If not stated, FINUFFT is assumed (cuFINUFFT <=1.3 is listed separately).

* new docs troubleshooting accuracy limitations due to condition number of the
  NUFFT problem.
* new sanity check on nj and nk (<0 or too big); new err code, tester, doc.
* MAX_NF increased from 1e11 to 1e12, since machines grow.
* improved GPU python docs: migration guide; usage from cupy, numba, torch,
  pycuda. PyPI pkg still at 2.2.0beta.

V 2.2.0 (12/12/23)

  - combined cmake build system via FINUFFT_USE_CUDA flag
  - python wrapper for GPU code included
  - GPU documentation (improving on cufinufft) added {install,c,python)_gpu.rst
  - CI includes GPU full test via C++, and python four styles, via Jenkins.
  - common spread_opts.h header; other code not yet made common.
  - GPU interface has been changed (ie broken) to more closely match finufft
  - cufinufft repo is left in legacy state at v1.3.
  - Add support for cuda streams, allowing for concurrent memory transfer and
    execution streams (PR #330)
  [coding lead on this: Robert Blackwell, with help from Joakim Anden]
* CMake build structure (thanks: Wenda Zhou, Marco Barbone, Libin Lu)
  - Note: the plan is to continue to support GNU makefile and* but
    to transition to CMake as the main build system.
  - CI workflow using CMake on 3 OSes, 2 compilers each, PR #382 (Libin Lu)	
* Docs: new tutorial content on iterative inverse NUFFTs; troubleshooting.
* GitHub-facing badges
* include/finufft/finufft_eitherprec.h moved up directory to be public (bea316c)
* interp (for type 2) accel by up to 60% in high-acc 2D/3D, by FMA/SIMD-friendly
  rearranging of loops, by Martin Reinecke, PR #292.
* remove inv array in binsort; speeds up multithreaded case by up to 50%
  but no effect on single-threaded. Martin Reinecke, PR #291.
* Fix memleak in repeated setpts (Issue #269); thanks Aaron Shih & Libin Lu.
* Fortran90 example via a new FINUFFT fortran module, thanks Reinhard Neder.
* made the C++ plan object (finufft_plan_s) private; only opaque pointer
  remains public, as should be (PR #233). Allows plan to have C++ constructs.
* fixed single-thread (OMP=OFF) build which failed due to fftw_defs.h/defs.h
* finally thread-safety for all fftw cases, kill FFTW_PLAN_SAFE (PR 354)
* Python interface: - better type checking (PR #237).
  - fixing edge cases (singleton dims, issue #359).
  - supports batch dimension of length 1 (issue #367).
* fix issue where repeated calls of finufft_makeplan with different numbers of
  requested threads would always use the first requested number of threads

CUFINUFFT v 1.3 (06/10/23) (Final legacy release outside of FINUFFT repo)

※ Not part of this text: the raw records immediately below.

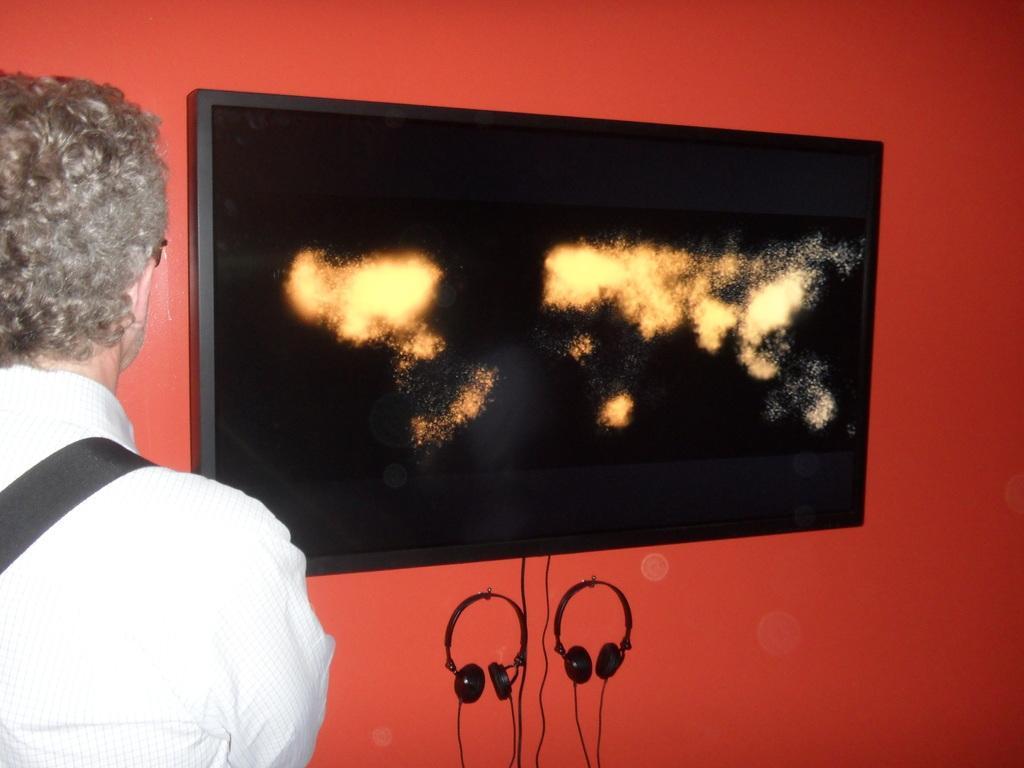Describe this image in one or two sentences. In this picture I can see a person on the left side. I can see the screen on the wall. I can see the microphones. 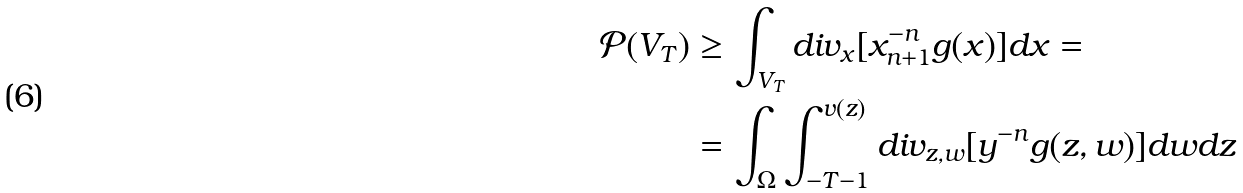Convert formula to latex. <formula><loc_0><loc_0><loc_500><loc_500>\mathcal { P } ( V _ { T } ) & \geq \int _ { V _ { T } } d i v _ { x } [ x _ { n + 1 } ^ { - n } g ( x ) ] d x = \\ & = \int _ { \Omega } \int _ { - T - 1 } ^ { v ( z ) } d i v _ { z , w } [ y ^ { - n } g ( z , w ) ] d w d z</formula> 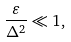<formula> <loc_0><loc_0><loc_500><loc_500>\frac { \varepsilon } { { \Delta } ^ { 2 } } \ll 1 ,</formula> 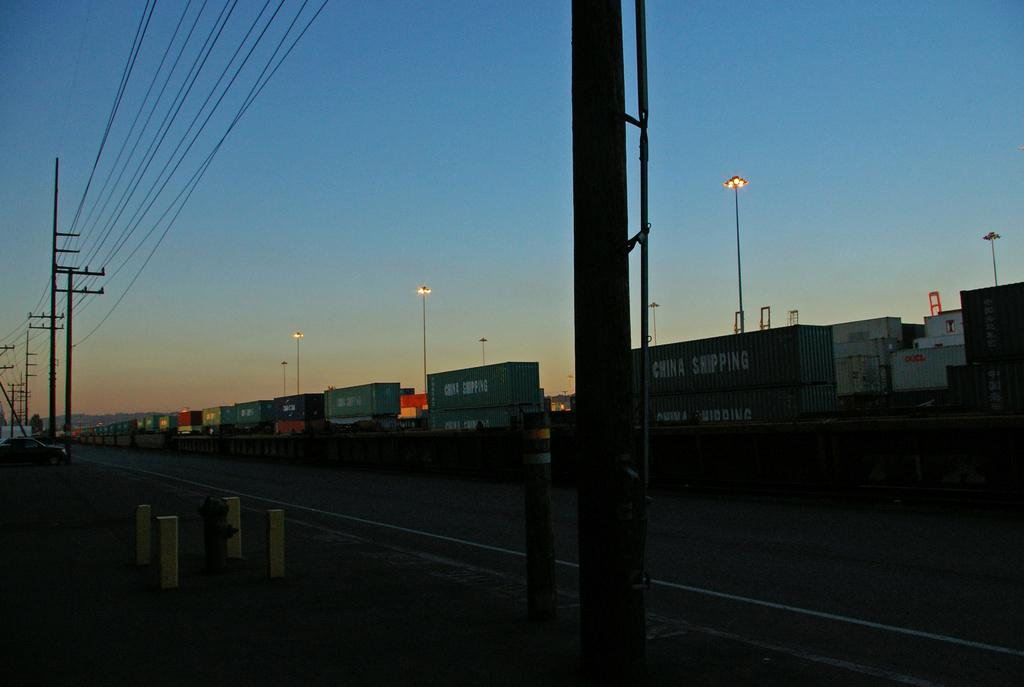What objects are present in the image that resemble storage or holding units? There are containers in the image. What type of pathway can be seen in the image? There is a road in the image. What architectural elements are visible in the image? There are pillars in the image. What safety feature is present in the image? There is a hydrant in the image. What vertical structures can be seen in the image? There are poles in the image. What type of transportation is visible in the image? There is a vehicle in the image. What type of electrical infrastructure is present in the image? There are wires in the image. What type of illumination is present in the image? There are lights in the image. What can be seen in the background of the image, indicating the weather or time of day? The sky is clear in the background of the image. Where is the monkey hanging from the hook in the image? There is no monkey or hook present in the image. What is the value of the item being sold in the image? There is no item being sold in the image.

* Move second half of onedim_fseries_kernel() to GPU (with a simple heuristic
  basing on nf1 to switch between the CPU and the GPU version).
* Melody fixed bug in MAX_NF being 0 due to typecasting 1e11 to int (thanks
  Elliot Slaughter for catching that).
* Melody fixed kernel eval so done w*d not w^d times, speeds up 2d a little, 3d
  quite a lot! (PR#130)
* Melody added 1D support for both types 1 (GM-sort and SM methods) 2 (GM-sort),
  in C++/CUDA and their test executables (but not Python interface).
* Various fixes to package config.
* Miscellaneous bug fixes.

V 2.1.0 (6/10/22)

* BREAKING INTERFACE CHANGE: nufft_opts is now called finufft_opts.
  This is needed for consistency and fixes a historical problem.
  We have compile-time warning, and backwards-compatibility for now.
* Professionalized the public-facing interface:
  - safe lib (.so, .a) symbols via hierarchical namespacing of private funcs
    that do not already begin with finufft{f}, in finufft:: namespace.
    This fixes, eg, clash with linking against cufinufft (their Issue #138).
  - public headers (finufft.h) has all macro names safe (ie FINUFFT suffix).
    Headers both public and private rationalized/simplified.
  - private headers are in include/finufft/, so not exposed by -Iinclude
  - spread_opts renamed finufft_spread_opts, since publicly exposed and name
    must respect library naming.
* change nj and nk in plan to BIGINT (int64_t), new big2d2f perftest, fixing
  Issue #215.
* PDF manual moved from local to hosting, Issue #221.
* Py doc for dtype fixed, Issue #216.
* spreadinterp evaluate_kernel_vector uses single arith when FLT=single.
* spread_opts.h fix duplication for FLT=single/double by making FLT->double.
* examples/simulplans1d1 demos ability to to wield independent plans.
* sped up float32 1d type 3 by 20% by using float32 cos()... thanks Wenda Zhou.

V 2.0.4 (1/13/22)

* makefile now appends (not replaces by) environment {C,F,CXX}FLAGS (PR #199).
* fixed MATLAB Contents.m and guru help strings.
* fortran examples: avoided clash with keywords "type" and "null", and correct
  creation of null ptr for default opts (issues #195-196, Jiri Kulda).
* various fixes to python wheels CI.
* various docs improvements.
* fixed modeord=1 failure for type 3 even though should never be used anyway
  (issue #194).
* fixed spreadcheck NaN failure to detect bug introduced in 2.0.3 (9566511).
* Dan Fortunato found and fixed MATLAB setpts temporary array loss, issue #185.

V 2.0.3 (4/22/21)

* finufft (plan) now thread-safe via OMP lock (if nthr=1 and -DFFTW_PLAN_SAFE)
  + new example/threadsafe*.cpp demos. Needs FFTW>=3.3.6 (Issues #72 #180 #183)
* fixed bug in checkbounds that falsely reported NU pt as invalid if exactly 1
  ULP below +pi, for certain N values only, egad! (Issue #181)
* GH workflows continuous integration (CI) in four setups (linux, osx*2, mingw)
* fixed memory leak in type 3.
* corrected C guru execute documentation.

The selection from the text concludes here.